The Camisards* were French Protestants of the mountainous southern Cevennes region who make their entry into these pages because the crown in 1685 revoked the Edict of Nantes, France’s guarantee of multiconfessional toleration.
Protestants were going to be bullied into conversion — or, in many cases, flight. (London’s Spitalfields textile industry, for instance, got a welcome shot in the arm from refugee Huguenot weavers.)
In 1702, the Cevennes Protestants pushed back.
“A persecution unsurpassed in violence had lasted near a score of years,” Robert Louis Stevenson wrote in his 19th century travelogue of the region. “This was the result upon the persecuted; hanging, burning, breaking on the wheel, had been in vain; the dragoons had left their hoof-marks over all the countryside; there were men rowing in the galleys, and women pining in the prisons of the Church; and not a thought was changed in the heart of any upright Protestant.”
On July 24, 1702, the Catholic torturer-priest running this show was assassinated, and the Camisard revolt was on.
Two years of dirty neighbor-on-neighbor violence mostly petered out in 1704 with the loss of the Camisards’ two main leaders — Jean Cavalier, the brilliant peasant-turned-commander who was bought off by an army commission and a royal pension, and Roland Laporte, who was betrayed as by Judas for 200 pieces of gold.
The prospect of a renewed rising drew them back — a bold and terrible stroke to mount a surprise massacre and kidnap the exiled English Duke of Berwick. Catinat returned from his hidey-hole in Geneva; Ravanel came the bush where he was the last notable Camisard commander in the field.
An informer spilled the secret and the conspirators were busted in Nimes before they could spring their trap.
They faced immediate trial and condemnation — Catinat and Ravanel, along with two younger fighters named Jonquet and Villas.
After a long bout of pre-execution torture on April 21 to reveal their conspirators,**
The next day, the 22nd April, 1705, they were taken from the prison and drawn to the place of execution in two carts, being unable to walk, on account of the severe torture to which they had been subjected, and which had crushed the bones of their legs. A single pile of wood had been prepared for Catinat and Ravanel, who were to be burnt together; they were in one cart, and Villas and Jonquet, for whom two wheels had been prepared, were in the other.
The first operation was to bind Catinat and Ravanel back to back to the same stake, care being taken to place Catinat with his face to windward, so that his agony might last longer, and then the pile was lit under Ravanel.
As had been foreseen, this precaution gave great pleasure to those people who took delight in witnessing executions. The wind being rather high, blew the flames away from Catinat, so that at first the fire burnt his legs only — a circumstance which, the author of the History of the Camisards tells us, aroused Catinat’s impatience.

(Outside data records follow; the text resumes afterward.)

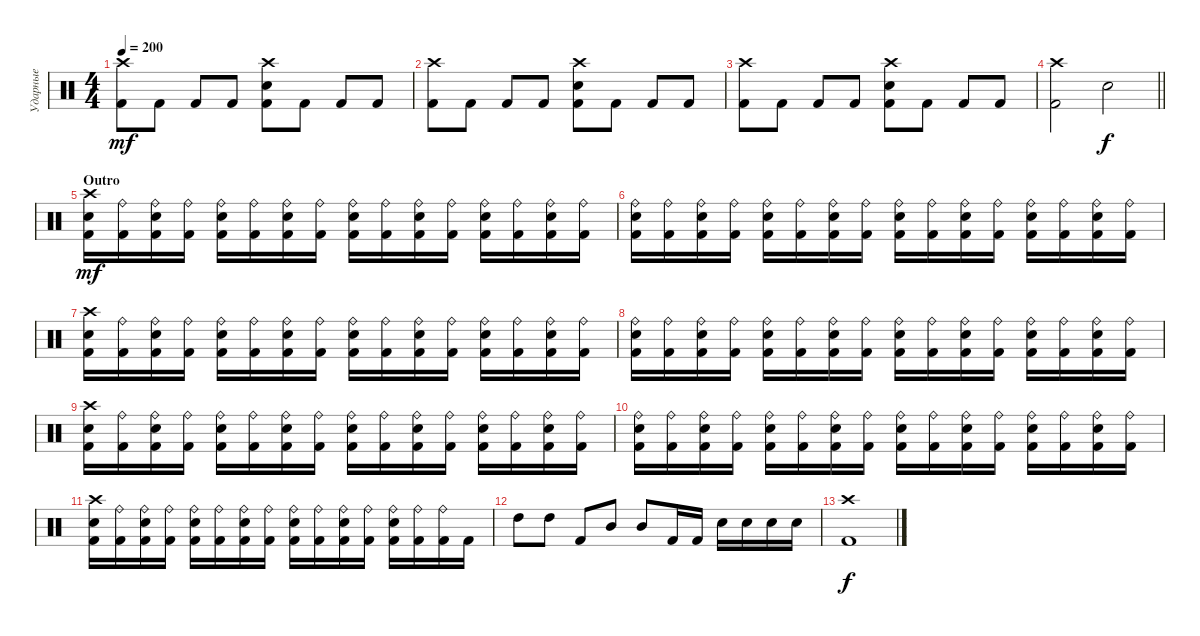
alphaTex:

\track ("Ударные" "Ударные") {instrument percussion}
\staff {score}
\articulation defaults
\ts (4 4)
\tempo 200
\clef neutral
\ks c
("Crash high (hit)" "Kick (hit) 2").8{dy mf} "Kick (hit) 2".8 "Kick (hit) 2".8 "Kick (hit) 2".8 ("Crash high (hit)" "Snare (hit) 2" "Kick (hit) 2").8 "Kick (hit) 2".8 "Kick (hit) 2".8 "Kick (hit) 2".8 |
("Crash high (hit)" "Kick (hit) 2").8 "Kick (hit) 2".8 "Kick (hit) 2".8 "Kick (hit) 2".8 ("Crash high (hit)" "Snare (hit) 2" "Kick (hit) 2").8 "Kick (hit) 2".8 "Kick (hit) 2".8 "Kick (hit) 2".8 |
("Crash high (hit)" "Kick (hit) 2").8 "Kick (hit) 2".8 "Kick (hit) 2".8 "Kick (hit) 2".8 ("Crash high (hit)" "Snare (hit) 2" "Kick (hit) 2").8 "Kick (hit) 2".8 "Kick (hit) 2".8 "Kick (hit) 2".8 |
\barLineRight lightlight
("Crash high (hit)" "Kick (hit) 2").2 "Snare (hit) 2".2{dy f} |
\section ("" "Outro")
("Crash high (hit)" "Snare (hit) 2" "Kick (hit) 2").16{dy mf} ("Ride (bell)" "Kick (hit) 2").16 ("Ride (bell)" "Snare (hit) 2" "Kick (hit) 2").16 ("Ride (bell)" "Kick (hit) 2").16 ("Ride (bell)" "Snare (hit) 2" "Kick (hit) 2").16 ("Ride (bell)" "Kick (hit) 2").16 ("Ride (bell)" "Snare (hit) 2" "Kick (hit) 2").16 ("Ride (bell)" "Kick (hit) 2").16 ("Ride (bell)" "Snare (hit) 2" "Kick (hit) 2").16 ("Ride (bell)" "Kick (hit) 2").16 ("Ride (bell)" "Snare (hit) 2" "Kick (hit) 2").16 ("Ride (bell)" "Kick (hit) 2").16 ("Ride (bell)" "Snare (hit) 2" "Kick (hit) 2").16 ("Ride (bell)" "Kick (hit) 2").16 ("Ride (bell)" "Snare (hit) 2" "Kick (hit) 2").16 ("Ride (bell)" "Kick (hit) 2").16 |
("Ride (bell)" "Snare (hit) 2" "Kick (hit) 2").16 ("Ride (bell)" "Kick (hit) 2").16 ("Ride (bell)" "Snare (hit) 2" "Kick (hit) 2").16 ("Ride (bell)" "Kick (hit) 2").16 ("Ride (bell)" "Snare (hit) 2" "Kick (hit) 2").16 ("Ride (bell)" "Kick (hit) 2").16 ("Ride (bell)" "Snare (hit) 2" "Kick (hit) 2").16 ("Ride (bell)" "Kick (hit) 2").16 ("Ride (bell)" "Snare (hit) 2" "Kick (hit) 2").16 ("Ride (bell)" "Kick (hit) 2").16 ("Ride (bell)" "Snare (hit) 2" "Kick (hit) 2").16 ("Ride (bell)" "Kick (hit) 2").16 ("Ride (bell)" "Snare (hit) 2" "Kick (hit) 2").16 ("Ride (bell)" "Kick (hit) 2").16 ("Ride (bell)" "Snare (hit) 2" "Kick (hit) 2").16 ("Ride (bell)" "Kick (hit) 2").16 |
("Crash high (hit)" "Snare (hit) 2" "Kick (hit) 2").16 ("Ride (bell)" "Kick (hit) 2").16 ("Ride (bell)" "Snare (hit) 2" "Kick (hit) 2").16 ("Ride (bell)" "Kick (hit) 2").16 ("Ride (bell)" "Snare (hit) 2" "Kick (hit) 2").16 ("Ride (bell)" "Kick (hit) 2").16 ("Ride (bell)" "Snare (hit) 2" "Kick (hit) 2").16 ("Ride (bell)" "Kick (hit) 2").16 ("Ride (bell)" "Snare (hit) 2" "Kick (hit) 2").16 ("Ride (bell)" "Kick (hit) 2").16 ("Ride (bell)" "Snare (hit) 2" "Kick (hit) 2").16 ("Ride (bell)" "Kick (hit) 2").16 ("Ride (bell)" "Snare (hit) 2" "Kick (hit) 2").16 ("Ride (bell)" "Kick (hit) 2").16 ("Ride (bell)" "Snare (hit) 2" "Kick (hit) 2").16 ("Ride (bell)" "Kick (hit) 2").16 |
("Ride (bell)" "Snare (hit) 2" "Kick (hit) 2").16 ("Ride (bell)" "Kick (hit) 2").16 ("Ride (bell)" "Snare (hit) 2" "Kick (hit) 2").16 ("Ride (bell)" "Kick (hit) 2").16 ("Ride (bell)" "Snare (hit) 2" "Kick (hit) 2").16 ("Ride (bell)" "Kick (hit) 2").16 ("Ride (bell)" "Snare (hit) 2" "Kick (hit) 2").16 ("Ride (bell)" "Kick (hit) 2").16 ("Ride (bell)" "Snare (hit) 2" "Kick (hit) 2").16 ("Ride (bell)" "Kick (hit) 2").16 ("Ride (bell)" "Snare (hit) 2" "Kick (hit) 2").16 ("Ride (bell)" "Kick (hit) 2").16 ("Ride (bell)" "Snare (hit) 2" "Kick (hit) 2").16 ("Ride (bell)" "Kick (hit) 2").16 ("Ride (bell)" "Snare (hit) 2" "Kick (hit) 2").16 ("Ride (bell)" "Kick (hit) 2").16 |
("Crash high (hit)" "Snare (hit) 2" "Kick (hit) 2").16 ("Ride (bell)" "Kick (hit) 2").16 ("Ride (bell)" "Snare (hit) 2" "Kick (hit) 2").16 ("Ride (bell)" "Kick (hit) 2").16 ("Ride (bell)" "Snare (hit) 2" "Kick (hit) 2").16 ("Ride (bell)" "Kick (hit) 2").16 ("Ride (bell)" "Snare (hit) 2" "Kick (hit) 2").16 ("Ride (bell)" "Kick (hit) 2").16 ("Ride (bell)" "Snare (hit) 2" "Kick (hit) 2").16 ("Ride (bell)" "Kick (hit) 2").16 ("Ride (bell)" "Snare (hit) 2" "Kick (hit) 2").16 ("Ride (bell)" "Kick (hit) 2").16 ("Ride (bell)" "Snare (hit) 2" "Kick (hit) 2").16 ("Ride (bell)" "Kick (hit) 2").16 ("Ride (bell)" "Snare (hit) 2" "Kick (hit) 2").16 ("Ride (bell)" "Kick (hit) 2").16 |
("Ride (bell)" "Snare (hit) 2" "Kick (hit) 2").16 ("Ride (bell)" "Kick (hit) 2").16 ("Ride (bell)" "Snare (hit) 2" "Kick (hit) 2").16 ("Ride (bell)" "Kick (hit) 2").16 ("Ride (bell)" "Snare (hit) 2" "Kick (hit) 2").16 ("Ride (bell)" "Kick (hit) 2").16 ("Ride (bell)" "Snare (hit) 2" "Kick (hit) 2").16 ("Ride (bell)" "Kick (hit) 2").16 ("Ride (bell)" "Snare (hit) 2" "Kick (hit) 2").16 ("Ride (bell)" "Kick (hit) 2").16 ("Ride (bell)" "Snare (hit) 2" "Kick (hit) 2").16 ("Ride (bell)" "Kick (hit) 2").16 ("Ride (bell)" "Snare (hit) 2" "Kick (hit) 2").16 ("Ride (bell)" "Kick (hit) 2").16 ("Ride (bell)" "Snare (hit) 2" "Kick (hit) 2").16 ("Ride (bell)" "Kick (hit) 2").16 |
("Crash high (hit)" "Snare (hit) 2" "Kick (hit) 2").16 ("Ride (bell)" "Kick (hit) 2").16 ("Ride (bell)" "Snare (hit) 2" "Kick (hit) 2").16 ("Ride (bell)" "Kick (hit) 2").16 ("Ride (bell)" "Snare (hit) 2" "Kick (hit) 2").16 ("Ride (bell)" "Kick (hit) 2").16 ("Ride (bell)" "Snare (hit) 2" "Kick (hit) 2").16 ("Ride (bell)" "Kick (hit) 2").16 ("Ride (bell)" "Snare (hit) 2" "Kick (hit) 2").16 ("Ride (bell)" "Kick (hit) 2").16 ("Ride (bell)" "Snare (hit) 2" "Kick (hit) 2").16 ("Ride (bell)" "Kick (hit) 2").16 ("Ride (bell)" "Snare (hit) 2" "Kick (hit) 2").16 ("Ride (bell)" "Kick (hit) 2").16 ("Ride (bell)" "Kick (hit) 2").16 "Kick (hit) 2".16 |
"High Tom (hit)".8 "High Tom (hit)".8 "Kick (hit) 2".8 "Mid Tom (hit)".8 "Mid Tom (hit)".8 "Kick (hit) 2".16 "Kick (hit) 2".16 "Snare (hit) 2".16 "Snare (hit) 2".16 "Snare (hit) 2".16 "Snare (hit) 2".16 |
("Crash high (hit)" "Kick (hit) 2").1{dy f}

Ravanel, however, bore everything to the end with the greatest heroism, only pausing in his singing to address words of encouragement to his companion in suffering, whom he could not see, but whose groans and curses he could hear; he would then return to his psalms, which he continued to sing until his voice was stifled in the flames. Just as he expired, Jonquet was removed from the wheel, and carried, his broken limbs dangling, to the burning pile, on which he was thrown. From the midst of the flames his voice was heard saying, “Courage, Catinat; we shall soon meet in heaven.” A few moments later, the stake, being burnt through at the base, broke, and Catinat falling into the flames, was quickly suffocated. That this accident had not been forseen and prevented by proper precautions caused great displeasure to spectators who found that the three-quarter of an hour which the spectacle had lasted was much too brief a time.
Villas lived three hours longer on his wheel, and expired without having uttered a single complaint.
A hecatomb of Camisard executions followed, fed by the denunciations of frightened or avaricious people; still others were “merely” condemned to the galleys … bringing at last a sullen peace of arms to the turbulent province.